Bagi parpol, pencalonan caleg nonkader mungkin memberi keuntungan untuk meningkatkan daya tarik parpol di mata masyarakat. Sebaliknya, ia juga dapat menimbulkan masalah.
Pertama, banyak kader partai akan tersingkir dari peluang terdaftar karena tempat yang seharusnya untuk mereka diambil alih partainya untuk caleg nonkader. Ini dapat memperlemah soliditas atau konsolidasi parpol.
Kedua, persaingan tidak sehat bisa terjadi ketika pelaksanaan kampanye karena ”kemarahan” caleg-caleg kader yang bisa jadi tergusur dari urutan nomor jadi (”kepala”) ke urutan nomor tidak jadi (sepatu) dalam daftar calon.

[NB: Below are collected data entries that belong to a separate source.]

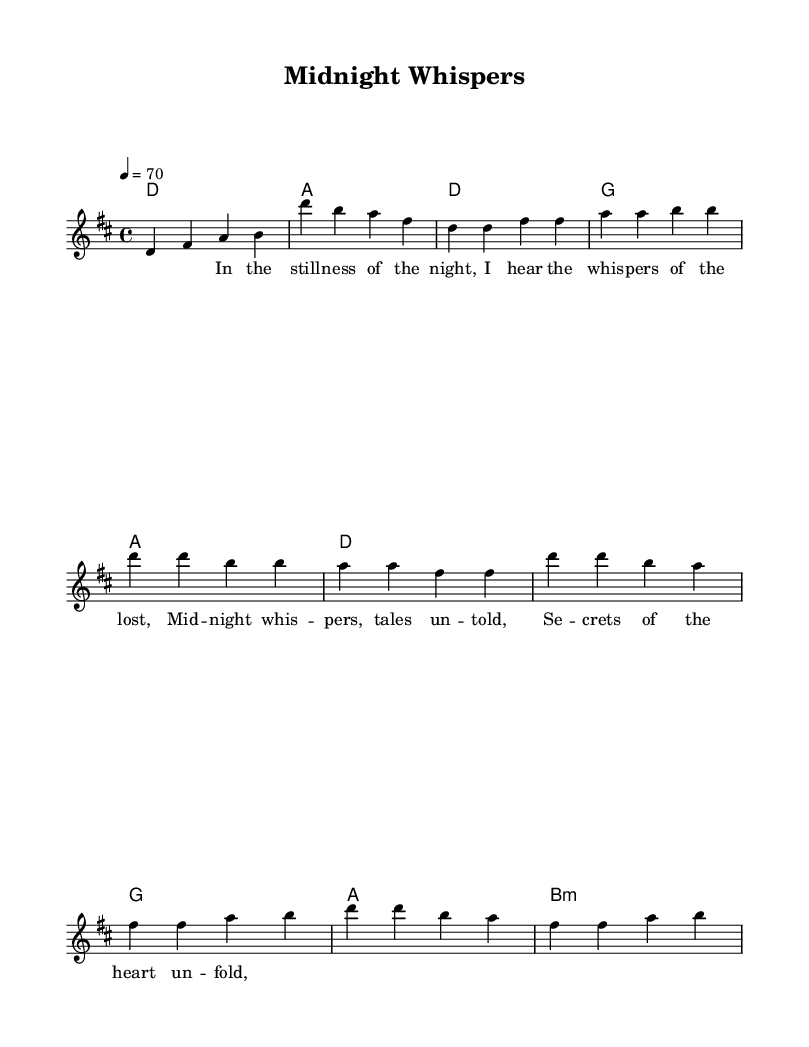What is the key signature of this music? The key signature is D major, which has two sharps: F# and C#.
Answer: D major What is the time signature of this music? The time signature is 4/4, meaning there are four beats in each measure.
Answer: 4/4 What is the tempo marking for this piece? The tempo is marked at 70 beats per minute, indicated by the numeral 4 = 70.
Answer: 70 How many parts are in the score? The score contains three parts: chord names, melody, and lyrics.
Answer: Three What is the first lyric note of the first verse? The first lyric note is "In", which corresponds with a D note in the melody.
Answer: In What chord appears at the start of the chorus? The first chord in the chorus is D major, which is indicated at the beginning of the chorus section.
Answer: D In the context of the song, what theme is suggested by the lyrics? The lyrics suggest themes of mystery and introspection, as indicated by phrases like "whispers of the lost" and "tales untold."
Answer: Mystery

Namun, karena Pemilu 2009 memungkinkan keterpilihan caleg melalui perolehan dukungan suara 30 persen dari bilangan pembagi pemilih (BPP), caleg-caleg kader pada nomor sepatu dapat saja melakukan black campaign untuk menjatuhkan popularitas caleg nonkader. Ini bisa mengacaukan koordinasi kegiatan kampanye parpol yang merugikan popularitas parpol di mata massa pemilih.

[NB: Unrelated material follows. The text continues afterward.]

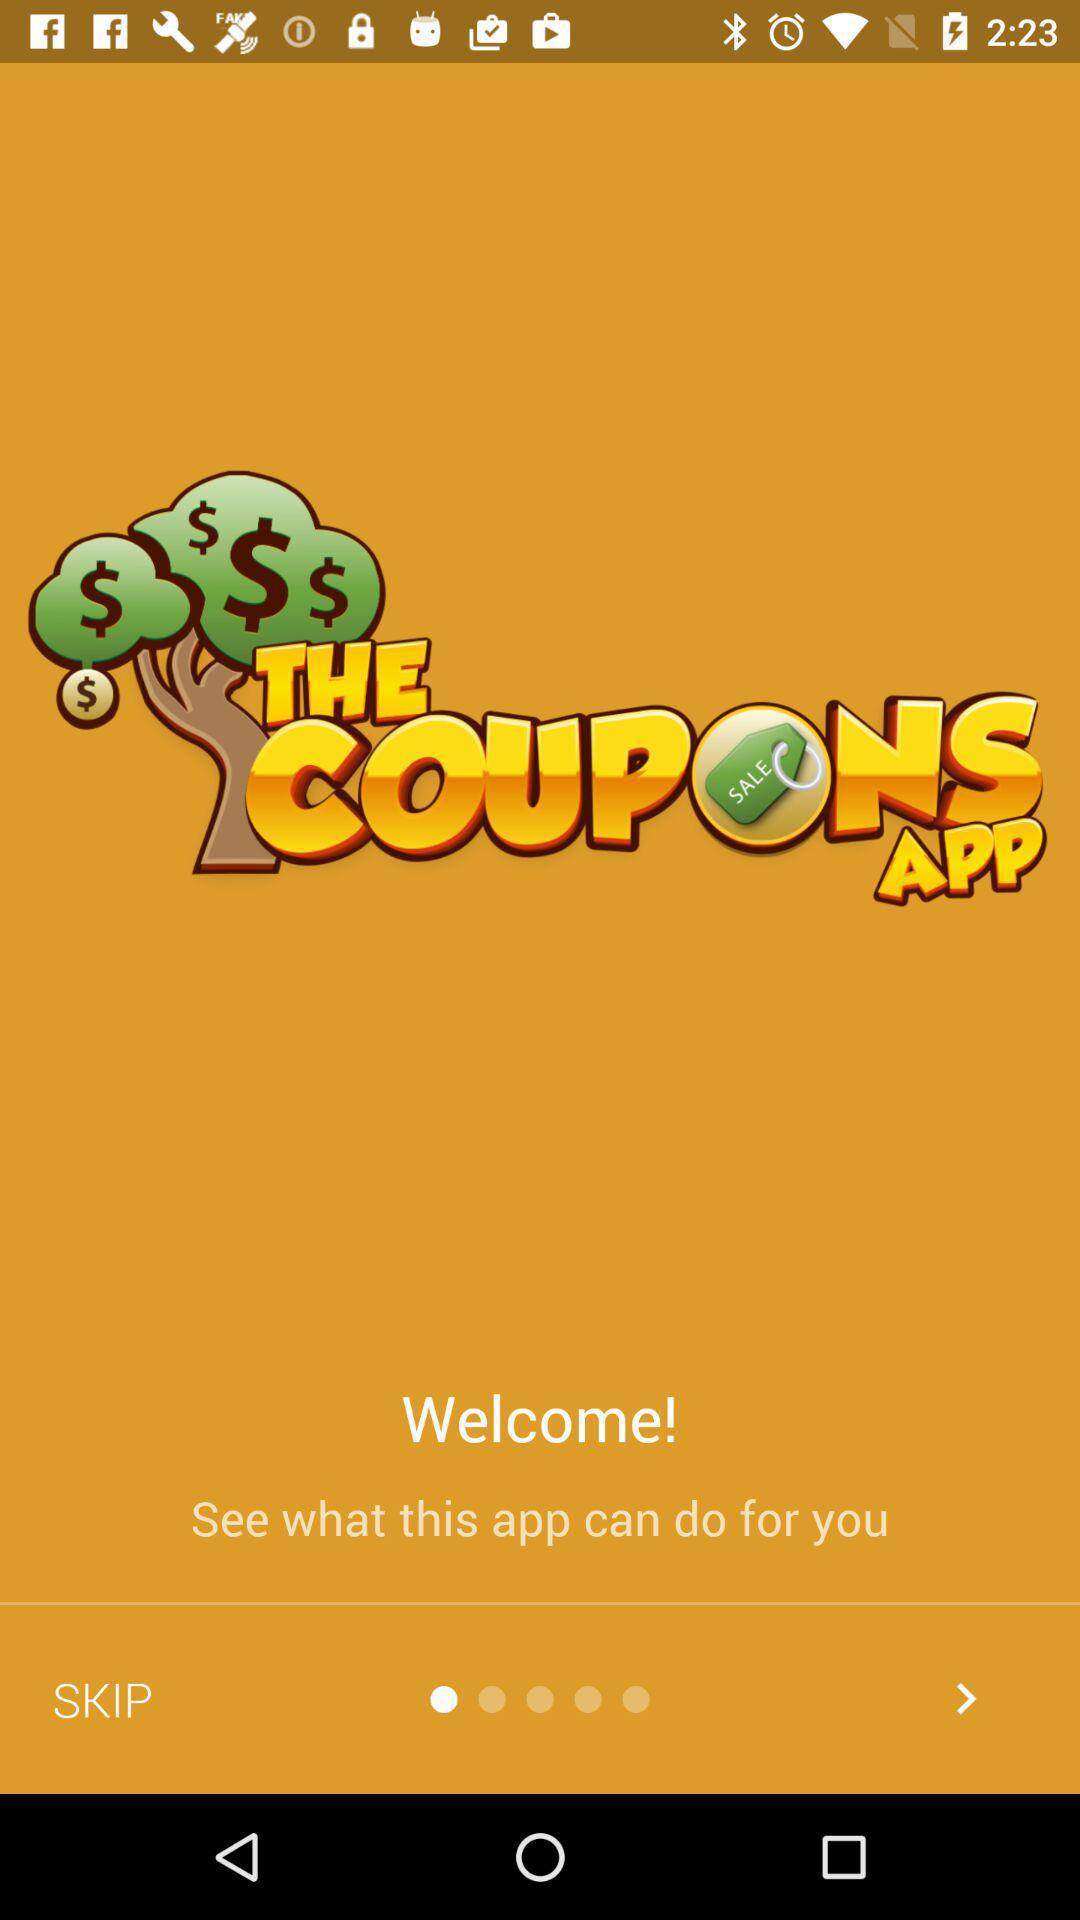What is the name of the application? The name of the application is "THE COUPONS APP".

Ketiga, pengistimewaan caleg nonkader dalam pencalonan dapat menumbuhkan keyakinan negatif di kalangan anggota, bahkan pengurus parpol. Penilaian itu ialah yang terpenting popularitas, bukan kualitas caleg yang harus dipupuk bertahap dalam pengalaman berpartai. Keyakinan ini hanya mengukuhkan kenyataan atas tiadanya program kaderisasi terrencana dan berjenjang di banyak parpol.
Program kaderisasi
Kaderisasi terencana dan berjenjang tampaknya belum menjadi bagian utama program dan strategi pengembangan parpol Indonesia. Kalaupun ada pengecualian, itu terjadi hanya pada satu–dua parpol. Kaderisasi semacam ini berbeda dengan pelatihan calon legislatif berjangka pendek yang dalam minggu-minggu terakhir ini marak dilakukan banyak parpol.
Ketiadaan program kaderisasi parpol membawa efek pada banyak masalah kepartaian dan keparlemenan.

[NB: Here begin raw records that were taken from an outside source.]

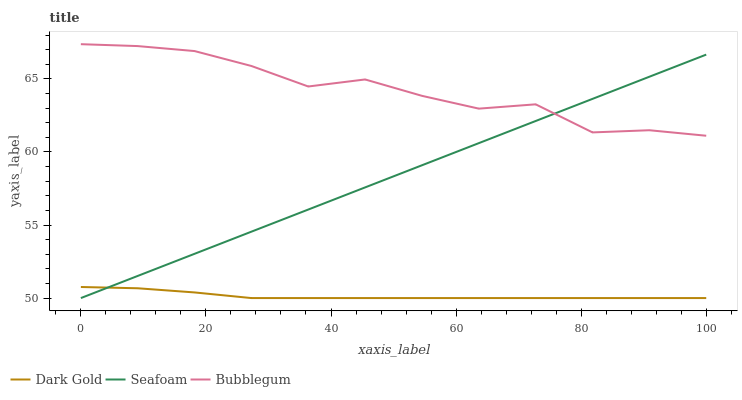Does Dark Gold have the minimum area under the curve?
Answer yes or no. Yes. Does Bubblegum have the maximum area under the curve?
Answer yes or no. Yes. Does Bubblegum have the minimum area under the curve?
Answer yes or no. No. Does Dark Gold have the maximum area under the curve?
Answer yes or no. No. Is Seafoam the smoothest?
Answer yes or no. Yes. Is Bubblegum the roughest?
Answer yes or no. Yes. Is Dark Gold the smoothest?
Answer yes or no. No. Is Dark Gold the roughest?
Answer yes or no. No. Does Seafoam have the lowest value?
Answer yes or no. Yes. Does Bubblegum have the lowest value?
Answer yes or no. No. Does Bubblegum have the highest value?
Answer yes or no. Yes. Does Dark Gold have the highest value?
Answer yes or no. No. Is Dark Gold less than Bubblegum?
Answer yes or no. Yes. Is Bubblegum greater than Dark Gold?
Answer yes or no. Yes. Does Bubblegum intersect Seafoam?
Answer yes or no. Yes. Is Bubblegum less than Seafoam?
Answer yes or no. No. Is Bubblegum greater than Seafoam?
Answer yes or no. No. Does Dark Gold intersect Bubblegum?
Answer yes or no. No. 
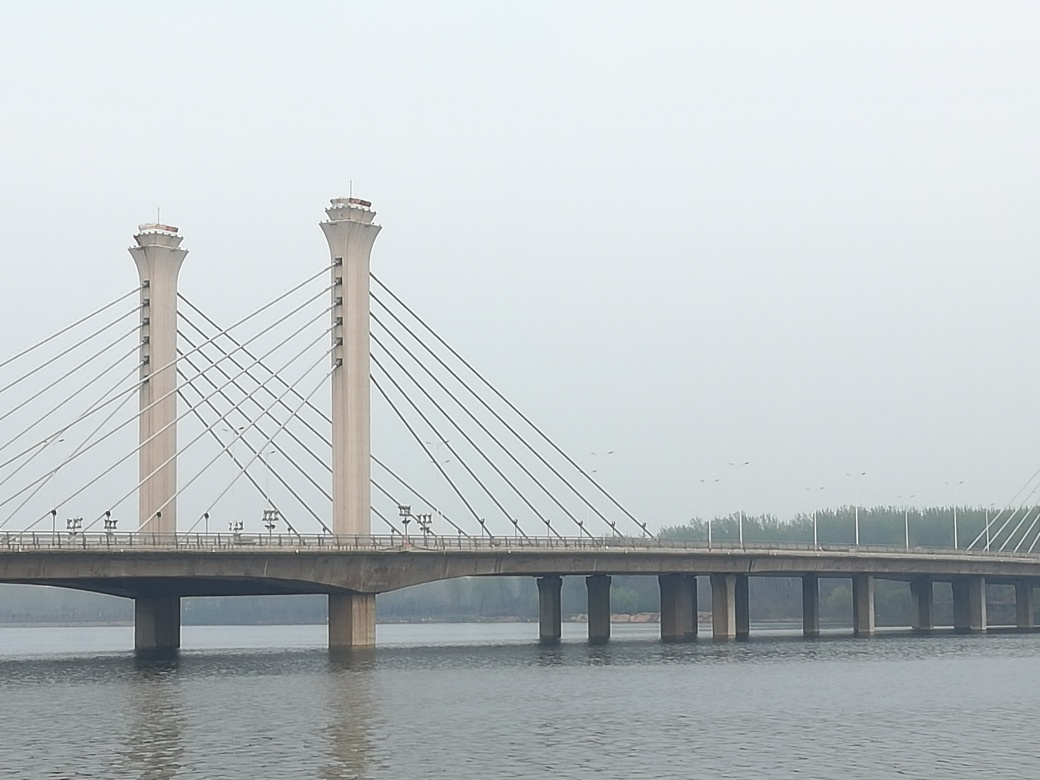Can you comment on the weather conditions at the time this photo was taken? The lighting in the image is soft and diffuse, without harsh shadows or bright sunlight, which often indicates an overcast day. The slight haze reducing visibility points to the likelihood of high humidity or airborne particulates, suggesting early morning fog or smog from pollution. How might the weather affect the use of this bridge? Weather conditions like fog can reduce visibility, which might impact the traffic flow on the bridge, leading to slower driving speeds and potentially increased risk of accidents. Additionally, if this is a high-pollution area, consistent exposure could contribute to the deterioration of the bridge materials over time, requiring more frequent maintenance. 
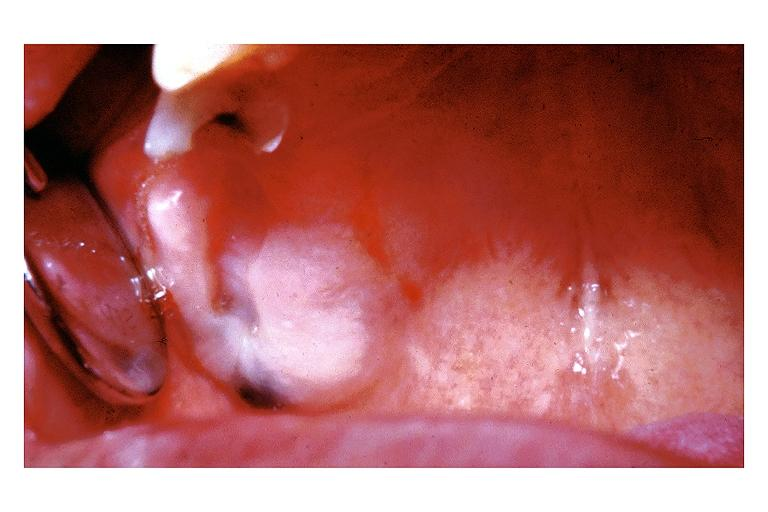what does this image show?
Answer the question using a single word or phrase. Amalgam tattoo 
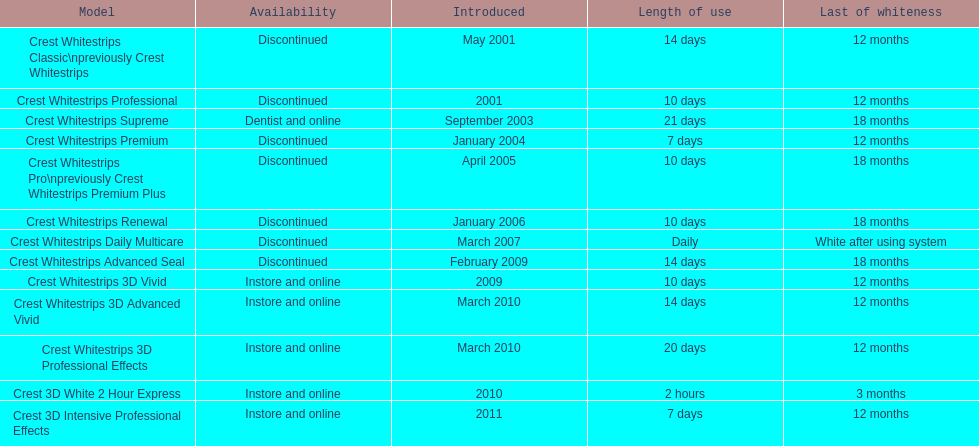In the same month as crest whitestrips 3d advanced vivid's introduction, what other product was released? Crest Whitestrips 3D Professional Effects.

Masalah utama kepartaian di Indonesia adalah pelembagaan. Parpol terlembaga dicirikan oleh beberapa hal, sebagai contoh, seperti masa hidup yang relatif panjang (lama), mengakar di masyarakat, mempunyai kesiapan personalia untuk menjalankan peran dalam aneka jabatan publik, mempunyai program kebijakan khusus yang menjadi identifikasi partai, dan suksesi kepemimpinan yang berlangsung teratur dan damai.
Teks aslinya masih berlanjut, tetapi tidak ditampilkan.